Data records
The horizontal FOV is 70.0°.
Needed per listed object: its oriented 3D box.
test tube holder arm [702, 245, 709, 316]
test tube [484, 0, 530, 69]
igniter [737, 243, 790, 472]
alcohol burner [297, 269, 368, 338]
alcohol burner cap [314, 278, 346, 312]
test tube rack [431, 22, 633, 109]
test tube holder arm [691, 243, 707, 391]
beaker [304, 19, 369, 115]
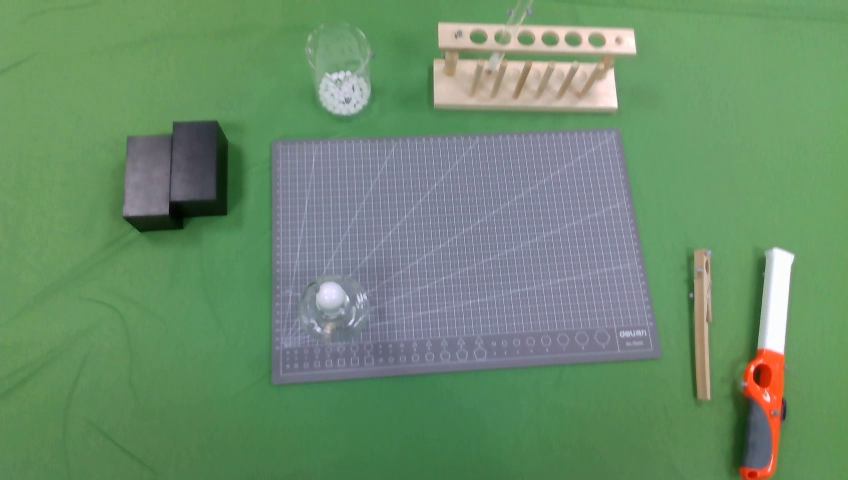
[{"bbox_3d":[0.339,0.049,0.740,0.010,0.015,0.087,18,70,-30],"label":"test tube holder arm"},{"bbox_3d":[0.098,-0.250,0.727,0.017,0.150,0.017,3,73,-10],"label":"test tube"},{"bbox_3d":[0.402,0.134,0.712,0.057,0.025,0.275,19,72,-9],"label":"igniter"},{"bbox_3d":[-0.099,0.064,0.649,0.078,0.119,0.077,2,71,-5],"label":"alcohol burner"},{"bbox_3d":[-0.097,0.055,0.614,0.034,0.048,0.033,1,77,-5],"label":"alcohol burner cap"},{"bbox_3d":[0.133,-0.220,0.772,0.243,0.085,0.066,1,73,-4],"label":"test tube rack"},{"bbox_3d":[0.329,0.090,0.724,0.013,0.015,0.177,18,71,-30],"label":"test tube holder arm"},{"bbox_3d":[-0.104,-0.204,0.742,0.074,0.100,0.083,0,73,-4],"label":"beaker"}]

**What to work on**
Repeat every record above exactly. The pictures do not belong in the copy.

**Output of the exercise**
The horizontal FOV is 70.0°.
Needed per listed object: its oriented 3D box.
test tube holder arm [702, 245, 709, 316]
test tube [484, 0, 530, 69]
igniter [737, 243, 790, 472]
alcohol burner [297, 269, 368, 338]
alcohol burner cap [314, 278, 346, 312]
test tube rack [431, 22, 633, 109]
test tube holder arm [691, 243, 707, 391]
beaker [304, 19, 369, 115]
[{"bbox_3d":[0.339,0.049,0.740,0.010,0.015,0.087,18,70,-30],"label":"test tube holder arm"},{"bbox_3d":[0.098,-0.250,0.727,0.017,0.150,0.017,3,73,-10],"label":"test tube"},{"bbox_3d":[0.402,0.134,0.712,0.057,0.025,0.275,19,72,-9],"label":"igniter"},{"bbox_3d":[-0.099,0.064,0.649,0.078,0.119,0.077,2,71,-5],"label":"alcohol burner"},{"bbox_3d":[-0.097,0.055,0.614,0.034,0.048,0.033,1,77,-5],"label":"alcohol burner cap"},{"bbox_3d":[0.133,-0.220,0.772,0.243,0.085,0.066,1,73,-4],"label":"test tube rack"},{"bbox_3d":[0.329,0.090,0.724,0.013,0.015,0.177,18,71,-30],"label":"test tube holder arm"},{"bbox_3d":[-0.104,-0.204,0.742,0.074,0.100,0.083,0,73,-4],"label":"beaker"}]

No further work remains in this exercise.